They’re both tiny. Dabi can’t see them well but he can still see Endeavor’s face, tired and beaten, and he feels a tiny sense of pride about it. The fact that Endeavor is just a man and it means Dabi can take him down like anybody else.
He feels so much bigger from up here and it gives him a sense of security, almost, knowing that if he were stood up close to Endeavor he would completely dwarf him. If neither of them had quirks, their fight would be a very short one, because compared to him, Dabi is just- small.
That, Dabi thinks, was a very bad thought to have.
It brings back memories.
His father has always been bigger than him. Taller and stronger and more than him. Dabi can’t stop thinking of it now and he tries not to dwell on the fact that underneath everything he is scared. He’s really, really scared.
Endeavor is just a man but with his status and his power and his backup he could hurt Dabi, could easily hurt him.
He’s already hurt me, Touya whispers in the back of Dabi’s mind.
“Shit,” Dabi grunts under his breath. “Not now.”
He says it just to himself because he can’t do this now, can’t deal with the distraught ghost of his own past when he’s about to destroy his father. He can’t have anything happen right this moment that could jeopardise this reveal because this is his life and he’s nothing without it. There’s no point to him without it.
Endeavor looks up at Gigantomachia and Dabi knows that he can’t see him, but a troubled, hurting part of his soul still yearns for it.
Dad is looking for me, Touya interrupts, and-
And then-
And then the air suddenly smells like burn cream and the bathroom of his childhood home and the same detergent his clothes used to be washed with when he was twelve.
And it’s- he’s-
Touya is sitting on the closed lid of the toilet and his father is in the room with him, and-
Dabi shakes his head because he can’t fall into his memories now, they’re in the middle of a war and he can’t afford to let something this stupid be his downfall.

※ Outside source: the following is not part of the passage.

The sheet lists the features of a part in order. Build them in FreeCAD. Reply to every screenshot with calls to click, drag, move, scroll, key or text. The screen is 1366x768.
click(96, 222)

He’s not there. He isn’t there. He’s outside and he’s twenty-four years old and he’s not Touya, he hasn’t been in a very long time.
He’s going to destroy Endeavor.
“You can’t keep doing this,” Enji chastises the young Touya softly, kneeling in front of him and inspecting the burns on his arms.

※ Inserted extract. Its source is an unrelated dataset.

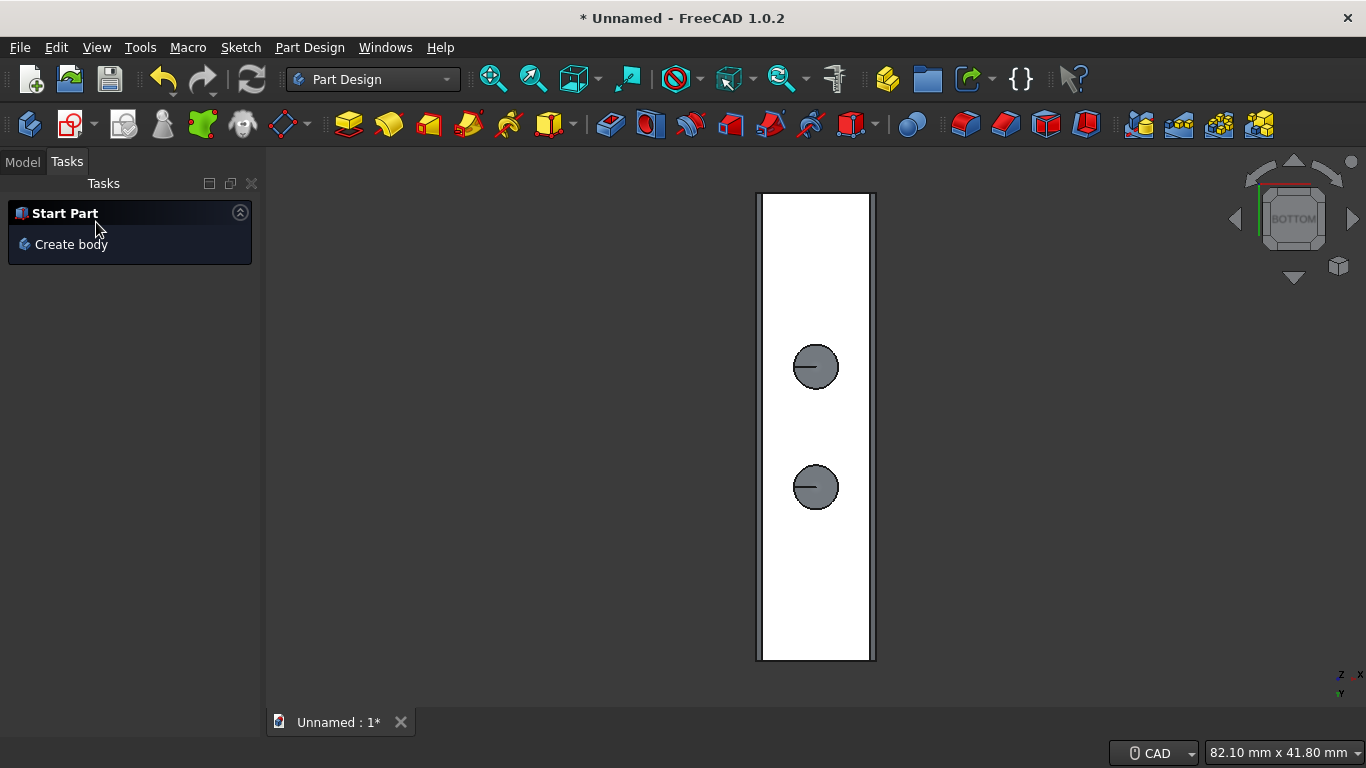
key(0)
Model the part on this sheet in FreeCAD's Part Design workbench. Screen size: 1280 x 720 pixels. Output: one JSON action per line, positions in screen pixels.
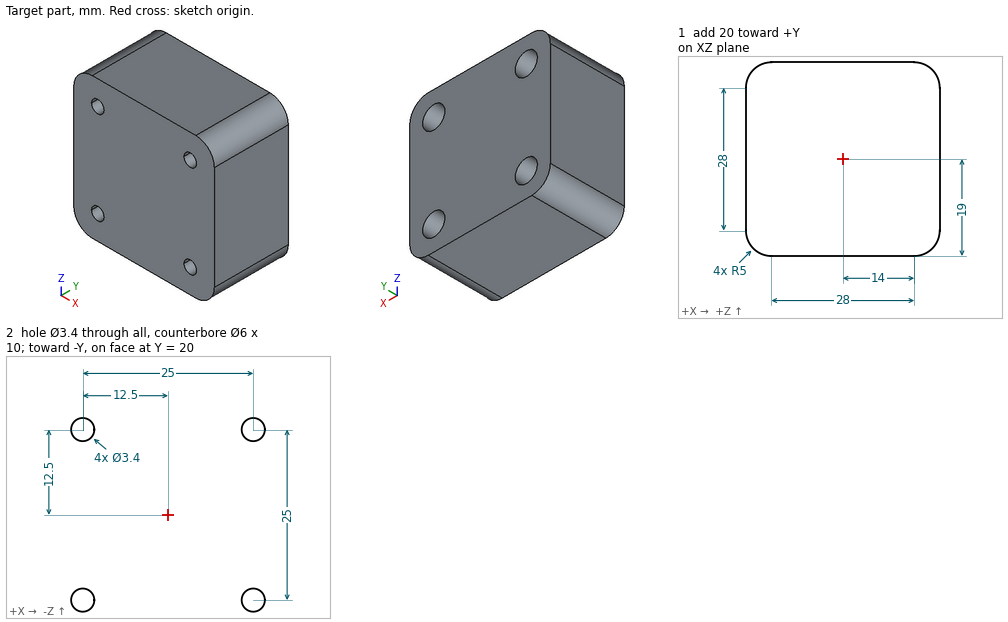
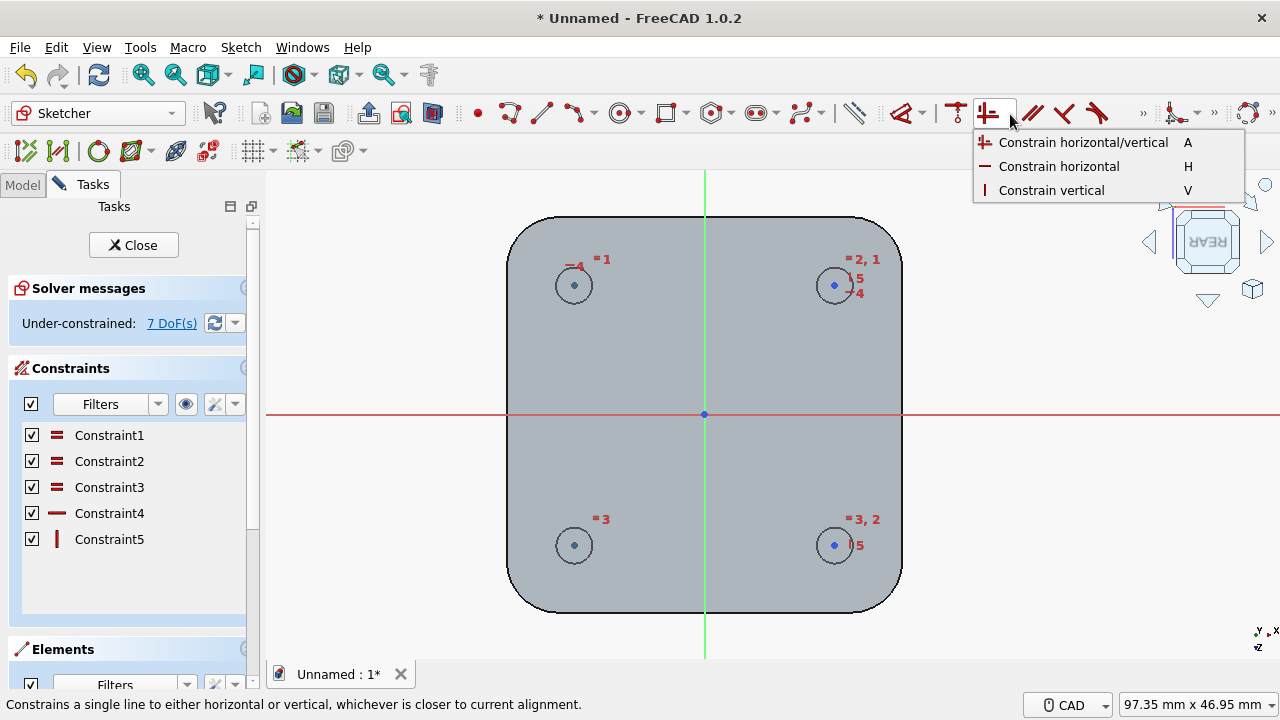
{"action": "left_click", "coordinate": [1109, 190]}

All of the breath is knocked out of Dabi’s chest. This can’t be happening now, he’s had flashbacks before but he has always been alone and he can’t do it - especially not in front of his dad - he’ll be sent straight to Tartarus if he’s incapacitated, the heroes would be easily able to get him if he’s vulnerable.
Dad already thinks I’m weak, Touya’s little voice says in the back of his mind.
Dabi makes a horrible, pained noise and clutches his head, pulls at his hair in hopes it’ll get the oncoming breakdown to stop, praying that whatever is about to happen doesn’t.
Shigaraki had told him once, not unkindly, that he was fucked in the head. And Dabi hadn’t been mad, because it came from a place of understanding (and probably self-recognition), and he had also been right.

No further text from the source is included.